What is needed
Consider the listing below. Extract exactly the lines from the line containing "list Ending early [187, 948, 1200, 976]" to the line containing "list If living", both included.

Information
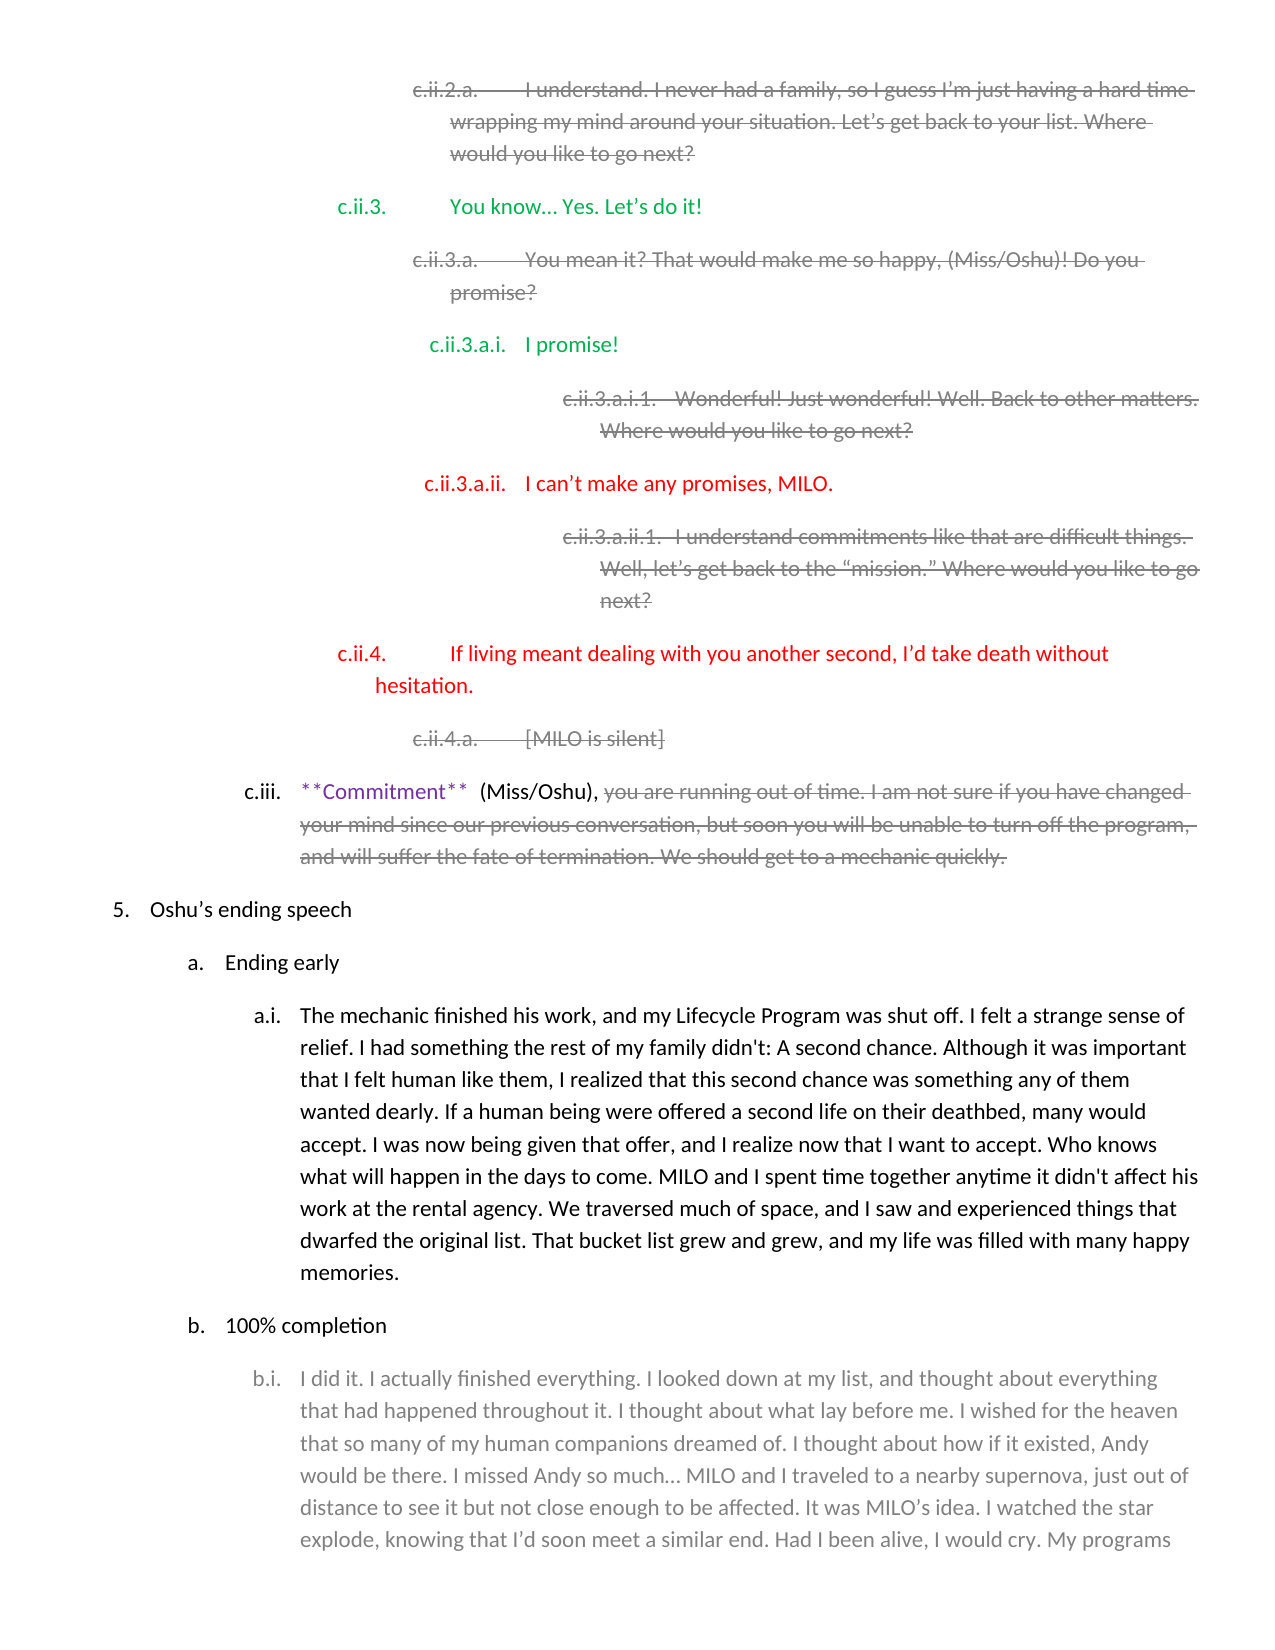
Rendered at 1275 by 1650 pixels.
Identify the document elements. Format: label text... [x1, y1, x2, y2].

list The mechanic finished his work, and my Lifecycle Program was shut off. I felt a strange sense of relief. I had something the rest of my family didn't: A second chance. Although it was important that I felt human like them, I realized that this second chance was something any of them wanted dearly. If a human being were offered a second life on their deathbed, many would accept. I was now being given that offer, and I realize now that I want to accept. Who knows what will happen in the days to come. MILO and I spent time together anytime it didn't affect his work at the rental agency. We traversed much of space, and I saw and experienced things that dwarfed the original list. That bucket list grew and grew, and my life was filled with many happy memories. [281, 1001, 1200, 1286]
list Oshu’s ending speech [112, 895, 1200, 923]
list Ending early [187, 948, 1200, 976]
list I can’t make any promises, MILO. [506, 469, 1200, 497]
list I promise! [506, 331, 1200, 359]
list I understand commitments like that are difficult things. Well, let’s get back to the “mission.” Where would you like to go next? [562, 522, 1200, 614]
list You know… Yes. Let’s do it! [337, 192, 1200, 220]
list Wonderful! Just wonderful! Well. Back to other matters. Where would you like to go next? [562, 384, 1200, 444]
list [MILO is silent] [412, 724, 1200, 752]
list I did it. I actually finished everything. I looked down at my list, and thought about everything that had happened throughout it. I thought about what lay before me. I wished for the heaven that so many of my human companions dreamed of. I thought about how if it existed, Andy would be there. I missed Andy so much… MILO and I traveled to a nearby supernova, just out of distance to see it but not close enough to be affected. It was MILO’s idea. I watched the star explode, knowing that I’d soon meet a similar end. Had I been alive, I would cry. My programs [281, 1364, 1200, 1553]
list If living meant dealing with you another second, I’d take death without hesitation. [337, 639, 1200, 699]
list **Commitment** (Miss/Oshu), you are running out of time. I am not sure if you have changed your mind since our previous conversation, but soon you will be unable to turn off the program, and will suffer the fate of termination. We should get to a mechanic quickly. [281, 777, 1200, 870]
list You mean it? That would make me so happy, (Miss/Oshu)! Do you promise? [412, 245, 1200, 306]
list I understand. I never had a family, so I guess I’m just having a hard time wrapping my mind around your situation. Let’s get back to your list. Where would you like to go next? [412, 75, 1200, 167]
list 100% completion [187, 1311, 1200, 1339]

Task response
list Ending early [187, 948, 1200, 976]
list I can’t make any promises, MILO. [506, 469, 1200, 497]
list I promise! [506, 331, 1200, 359]
list I understand commitments like that are difficult things. Well, let’s get back to the “mission.” Where would you like to go next? [562, 522, 1200, 614]
list You know… Yes. Let’s do it! [337, 192, 1200, 220]
list Wonderful! Just wonderful! Well. Back to other matters. Where would you like to go next? [562, 384, 1200, 444]
list [MILO is silent] [412, 724, 1200, 752]
list I did it. I actually finished everything. I looked down at my list, and thought about everything that had happened throughout it. I thought about what lay before me. I wished for the heaven that so many of my human companions dreamed of. I thought about how if it existed, Andy would be there. I missed Andy so much… MILO and I traveled to a nearby supernova, just out of distance to see it but not close enough to be affected. It was MILO’s idea. I watched the star explode, knowing that I’d soon meet a similar end. Had I been alive, I would cry. My programs [281, 1364, 1200, 1553]
list If living meant dealing with you another second, I’d take death without hesitation. [337, 639, 1200, 699]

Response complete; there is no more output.